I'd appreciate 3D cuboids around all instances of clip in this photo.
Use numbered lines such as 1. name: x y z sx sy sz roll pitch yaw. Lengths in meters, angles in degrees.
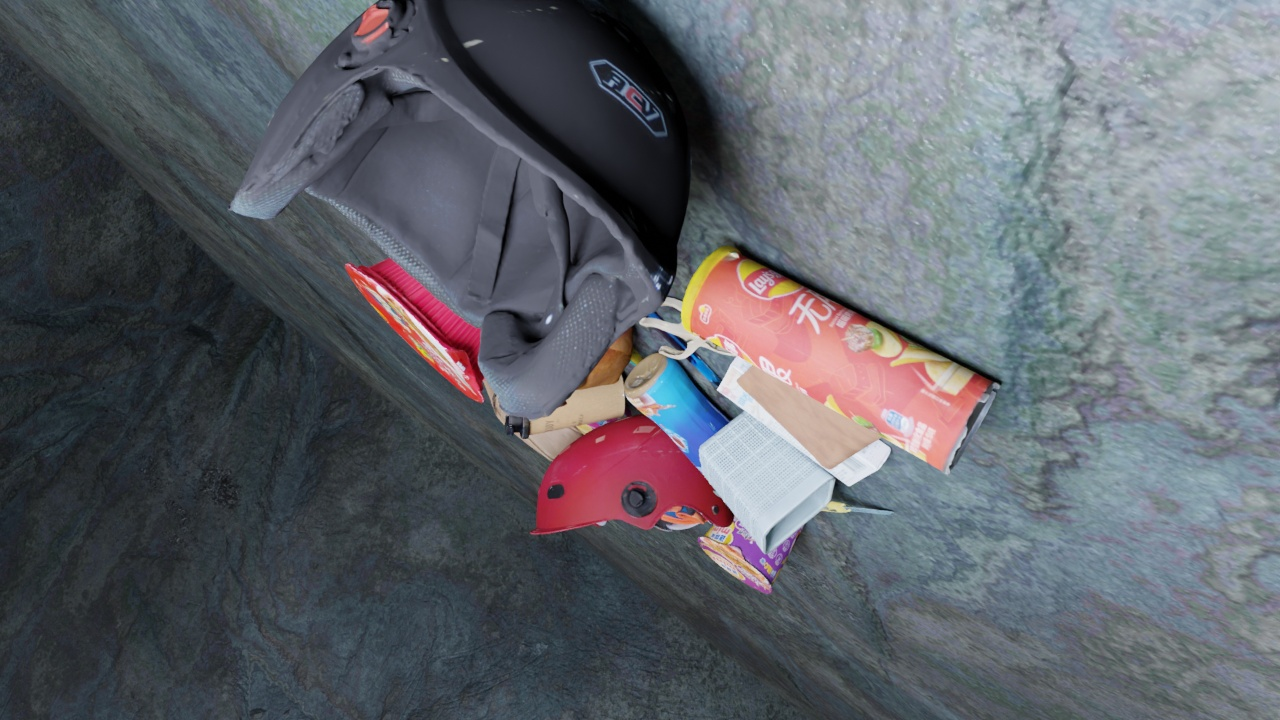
1. clip: 0.041 -0.032 0.826 0.092 0.034 0.103 44 158 -20

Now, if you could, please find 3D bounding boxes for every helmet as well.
1. helmet: -0.082 -0.114 0.546 0.233 0.229 0.275 39 156 -33
2. helmet: -0.013 0.136 1.097 0.239 0.144 0.207 0 171 -16

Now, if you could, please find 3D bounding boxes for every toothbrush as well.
1. toothbrush: 0.021 -0.032 0.901 0.189 0.014 0.016 44 163 -19

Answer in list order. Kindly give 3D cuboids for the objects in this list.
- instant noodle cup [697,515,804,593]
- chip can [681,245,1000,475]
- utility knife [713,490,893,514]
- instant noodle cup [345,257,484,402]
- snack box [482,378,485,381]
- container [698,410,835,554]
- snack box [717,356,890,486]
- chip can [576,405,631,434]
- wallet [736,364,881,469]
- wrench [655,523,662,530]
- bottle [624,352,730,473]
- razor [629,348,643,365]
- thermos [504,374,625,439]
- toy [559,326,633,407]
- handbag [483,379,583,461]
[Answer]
1. instant noodle cup: 0.143 0.216 1.133 0.111 0.099 0.112 36 163 13
2. chip can: 0.134 -0.004 0.644 0.217 0.073 0.073 31 161 23
3. utility knife: 0.170 0.149 0.967 0.197 0.020 0.031 -4 158 29
4. instant noodle cup: -0.207 -0.045 0.928 0.194 0.065 0.194 42 166 13
5. snack box: -0.209 -0.057 1.108 0.113 0.044 0.127 52 146 40
6. container: 0.122 0.115 0.916 0.111 0.090 0.090 48 169 24
7. snack box: 0.145 0.053 0.837 0.157 0.026 0.085 37 163 7
8. chip can: -0.100 0.022 1.186 0.210 0.071 0.071 48 161 -28
9. wallet: 0.144 0.033 0.758 0.115 0.020 0.101 43 146 1
10. wrench: 0.013 0.255 1.638 0.056 0.016 0.274 31 161 25
11. bottle: 0.073 0.084 0.999 0.218 0.065 0.065 46 162 -22
12. razor: -0.006 0.006 1.026 0.132 0.043 0.028 45 144 -1
13. thermos: -0.094 0.046 1.110 0.143 0.093 0.093 -3 168 -12
14. toy: -0.102 -0.027 0.991 0.130 0.140 0.200 18 -179 -33
15. handbag: -0.151 0.056 1.310 0.147 0.100 0.204 41 180 -21
——
Scan the material above for the word "cuboids", and copy each line where it appears.

- _Result_
I'd appreciate 3D cuboids around all instances of clip in this photo.
Answer in list order. Kindly give 3D cuboids for the objects in this list.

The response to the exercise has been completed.